What is required: A word-for-word copy of the records is needed, with every picture left out.

Dataset extract:
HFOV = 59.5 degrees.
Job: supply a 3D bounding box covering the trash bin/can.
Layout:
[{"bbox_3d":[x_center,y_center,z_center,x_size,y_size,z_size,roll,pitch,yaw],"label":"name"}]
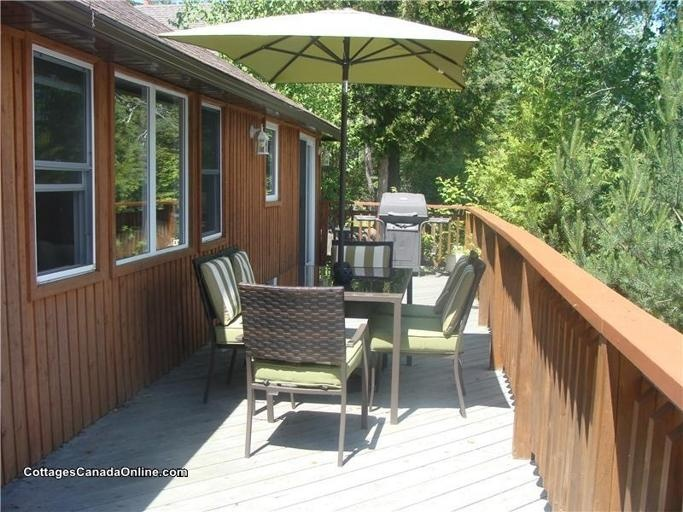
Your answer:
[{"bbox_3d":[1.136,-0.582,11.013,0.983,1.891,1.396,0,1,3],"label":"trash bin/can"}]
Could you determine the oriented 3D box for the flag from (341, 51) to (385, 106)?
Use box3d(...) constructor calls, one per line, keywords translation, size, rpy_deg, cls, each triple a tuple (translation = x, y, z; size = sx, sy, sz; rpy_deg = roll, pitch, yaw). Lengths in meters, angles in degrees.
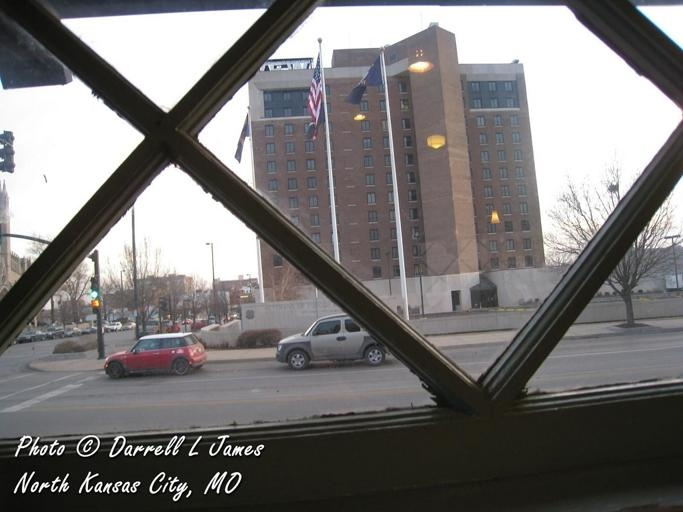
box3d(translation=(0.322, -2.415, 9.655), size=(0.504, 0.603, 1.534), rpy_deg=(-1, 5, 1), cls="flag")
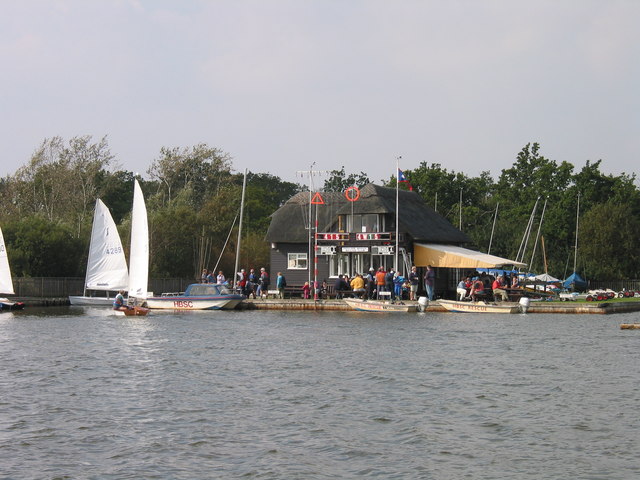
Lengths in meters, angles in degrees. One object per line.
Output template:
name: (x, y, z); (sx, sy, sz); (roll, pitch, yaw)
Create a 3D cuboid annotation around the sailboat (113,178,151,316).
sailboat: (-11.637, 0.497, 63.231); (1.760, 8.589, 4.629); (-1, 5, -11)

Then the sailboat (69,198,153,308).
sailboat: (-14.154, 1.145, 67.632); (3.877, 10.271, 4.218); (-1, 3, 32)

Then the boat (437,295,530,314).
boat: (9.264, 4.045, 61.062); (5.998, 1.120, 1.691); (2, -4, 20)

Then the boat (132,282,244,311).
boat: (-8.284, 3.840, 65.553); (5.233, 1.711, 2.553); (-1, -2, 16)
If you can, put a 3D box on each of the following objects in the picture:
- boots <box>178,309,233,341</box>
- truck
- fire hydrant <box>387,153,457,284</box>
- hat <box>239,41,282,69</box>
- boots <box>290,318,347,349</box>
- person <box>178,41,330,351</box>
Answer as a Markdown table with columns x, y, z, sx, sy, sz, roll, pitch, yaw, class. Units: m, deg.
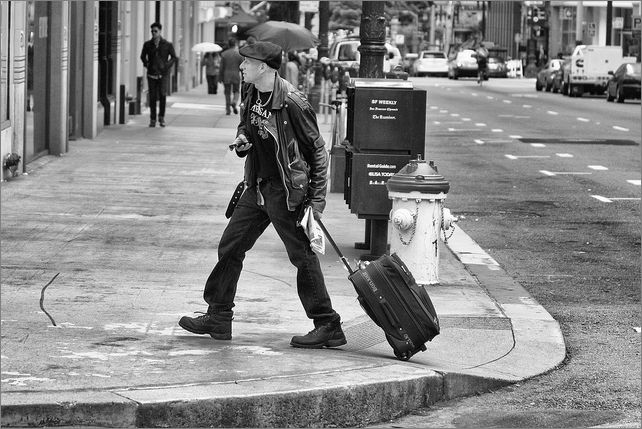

Result:
HFOV = 59.5 degrees.
Job: supply a 3D bounding box covering the trash bin/can.
Layout:
[{"bbox_3d":[x_center,y_center,z_center,x_size,y_size,z_size,roll,pitch,yaw],"label":"name"}]
Your answer:
[{"bbox_3d":[1.136,-0.582,11.013,0.983,1.891,1.396,0,1,3],"label":"trash bin/can"}]
Could you determine the oriented 3D box for the flag from (341, 51) to (385, 106)?
Use box3d(...) constructor calls, one per line, keywords translation, size, rpy_deg, cls, each triple a tuple (translation = x, y, z; size = sx, sy, sz; rpy_deg = roll, pitch, yaw). Lengths in meters, angles in degrees.
box3d(translation=(0.322, -2.415, 9.655), size=(0.504, 0.603, 1.534), rpy_deg=(-1, 5, 1), cls="flag")
Lengths in meters, angles in degrees. One object per line.
Output template:
name: (x, y, z); (sx, sy, sz); (roll, pitch, yaw)
Create a 3D cuboid annotation around the sailboat (113,178,151,316).
sailboat: (-11.637, 0.497, 63.231); (1.760, 8.589, 4.629); (-1, 5, -11)

Then the sailboat (69,198,153,308).
sailboat: (-14.154, 1.145, 67.632); (3.877, 10.271, 4.218); (-1, 3, 32)

Then the boat (437,295,530,314).
boat: (9.264, 4.045, 61.062); (5.998, 1.120, 1.691); (2, -4, 20)

Then the boat (132,282,244,311).
boat: (-8.284, 3.840, 65.553); (5.233, 1.711, 2.553); (-1, -2, 16)
If you can, put a 3D box on each of the following objects in the picture:
- boots <box>178,309,233,341</box>
- truck
- fire hydrant <box>387,153,457,284</box>
- hat <box>239,41,282,69</box>
- boots <box>290,318,347,349</box>
- person <box>178,41,330,351</box>
Answer as a Markdown table with columns x, y, z, sx, sy, sz, roll, pitch, yaw, class. Units: m, deg.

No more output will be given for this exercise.